Look at each line below and count those with the word "cuboid"; the answer is that number only.

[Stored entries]
= Beginning of Section =

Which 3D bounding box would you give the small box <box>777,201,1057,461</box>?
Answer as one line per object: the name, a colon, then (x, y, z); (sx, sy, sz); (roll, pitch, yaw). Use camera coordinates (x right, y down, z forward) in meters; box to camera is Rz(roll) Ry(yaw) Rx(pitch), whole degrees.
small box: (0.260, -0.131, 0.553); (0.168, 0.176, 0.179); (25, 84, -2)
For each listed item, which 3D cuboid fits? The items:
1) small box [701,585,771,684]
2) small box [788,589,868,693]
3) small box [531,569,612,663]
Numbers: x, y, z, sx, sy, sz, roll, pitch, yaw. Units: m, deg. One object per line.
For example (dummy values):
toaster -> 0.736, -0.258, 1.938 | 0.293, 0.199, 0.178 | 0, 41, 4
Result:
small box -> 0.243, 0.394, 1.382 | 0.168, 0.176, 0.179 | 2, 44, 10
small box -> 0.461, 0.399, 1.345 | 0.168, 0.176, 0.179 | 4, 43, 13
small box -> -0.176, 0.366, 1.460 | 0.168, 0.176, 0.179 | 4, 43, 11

= End of Section =
= Beginning of Section =

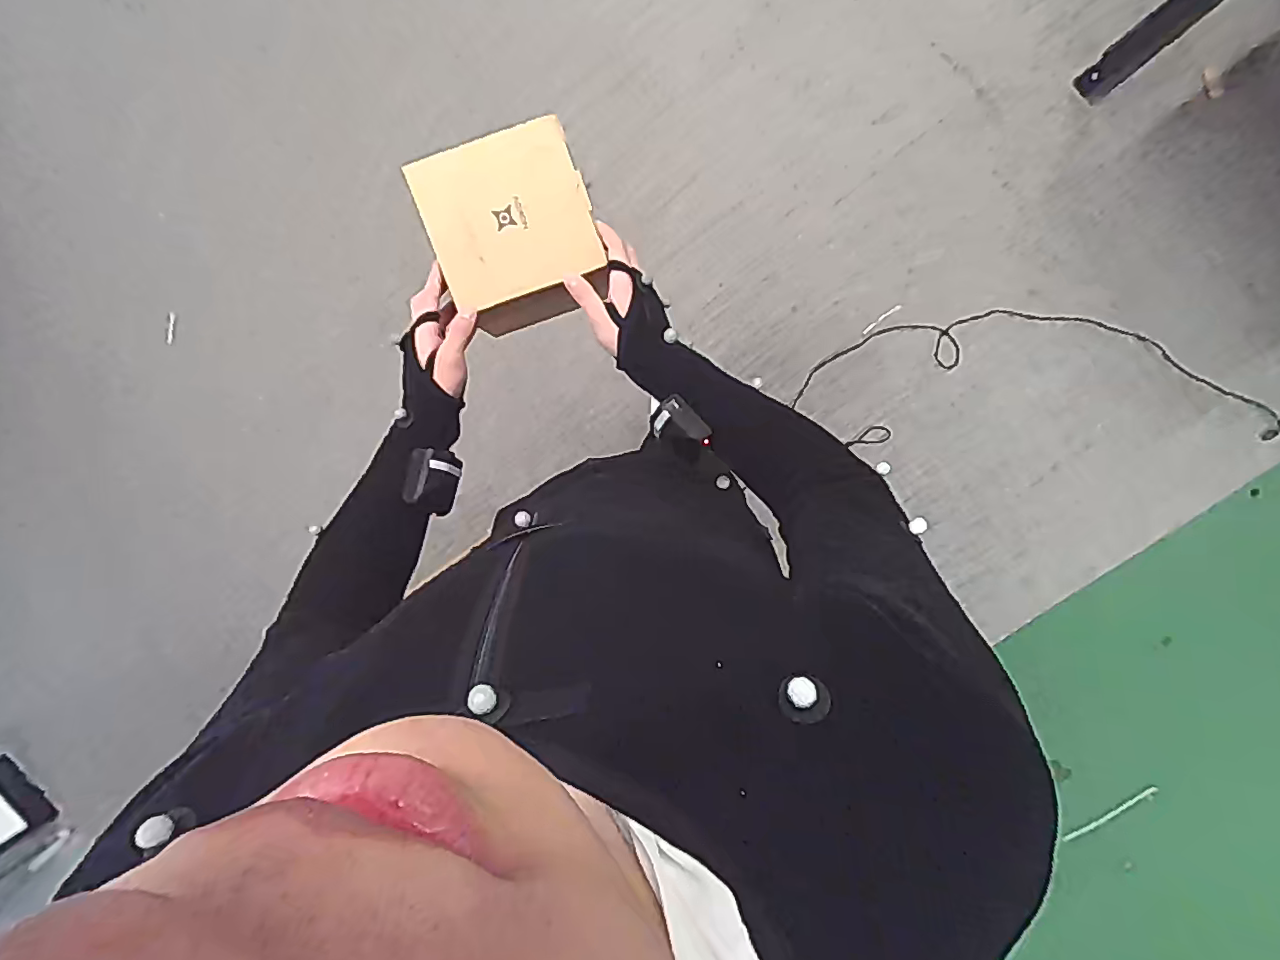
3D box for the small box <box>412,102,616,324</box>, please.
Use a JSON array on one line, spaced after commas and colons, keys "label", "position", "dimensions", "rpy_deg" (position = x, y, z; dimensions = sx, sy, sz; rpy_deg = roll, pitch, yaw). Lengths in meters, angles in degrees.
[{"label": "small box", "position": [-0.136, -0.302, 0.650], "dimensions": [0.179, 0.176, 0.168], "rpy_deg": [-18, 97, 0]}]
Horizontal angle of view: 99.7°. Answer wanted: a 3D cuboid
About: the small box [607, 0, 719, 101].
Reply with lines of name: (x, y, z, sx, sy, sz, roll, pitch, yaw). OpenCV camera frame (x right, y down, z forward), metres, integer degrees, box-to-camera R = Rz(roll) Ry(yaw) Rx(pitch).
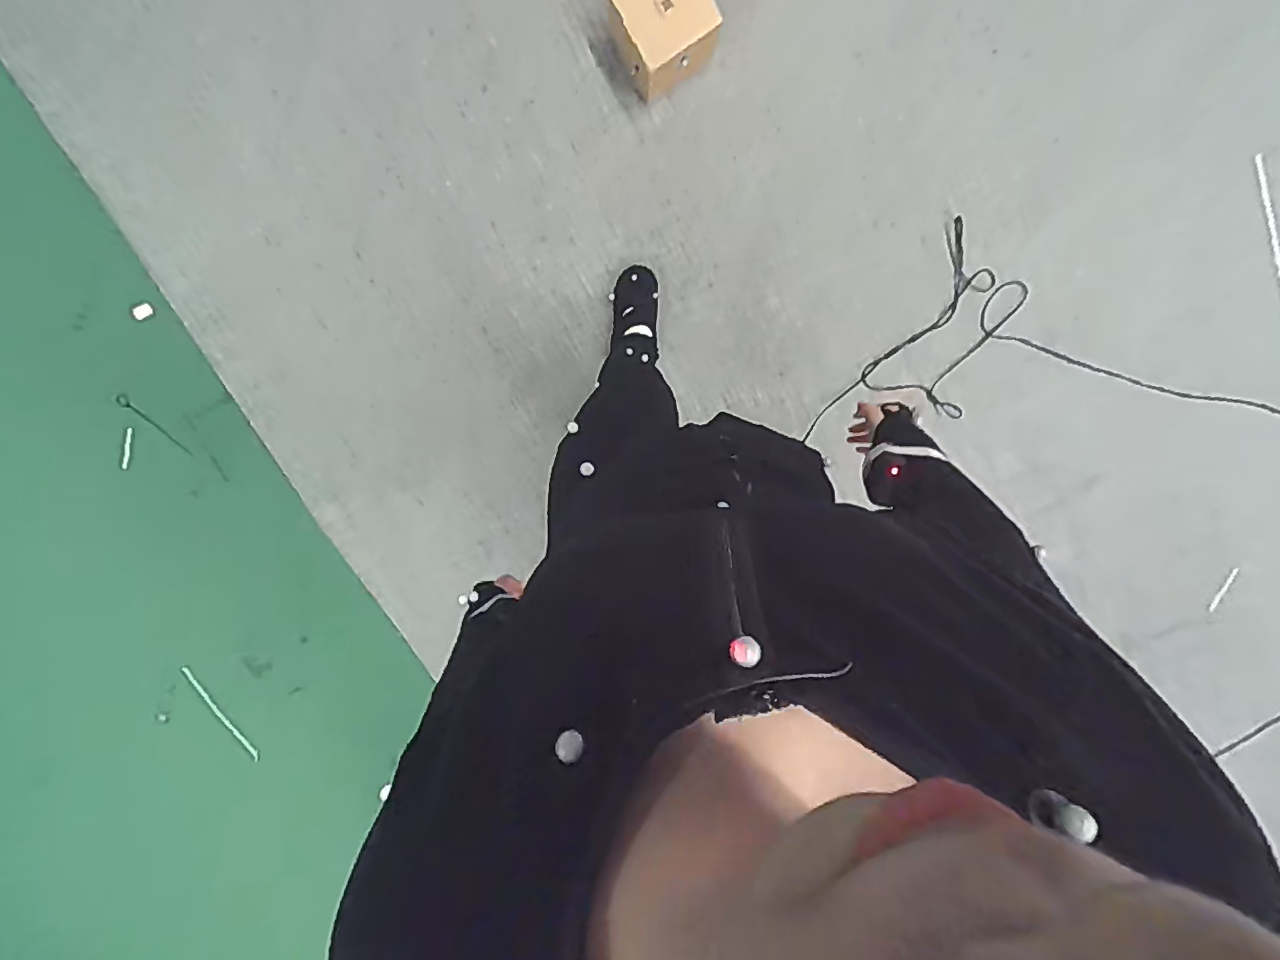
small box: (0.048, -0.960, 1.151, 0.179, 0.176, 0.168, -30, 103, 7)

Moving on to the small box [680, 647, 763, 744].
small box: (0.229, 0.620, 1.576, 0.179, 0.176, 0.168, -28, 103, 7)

= End of Section =

Expected answer: 2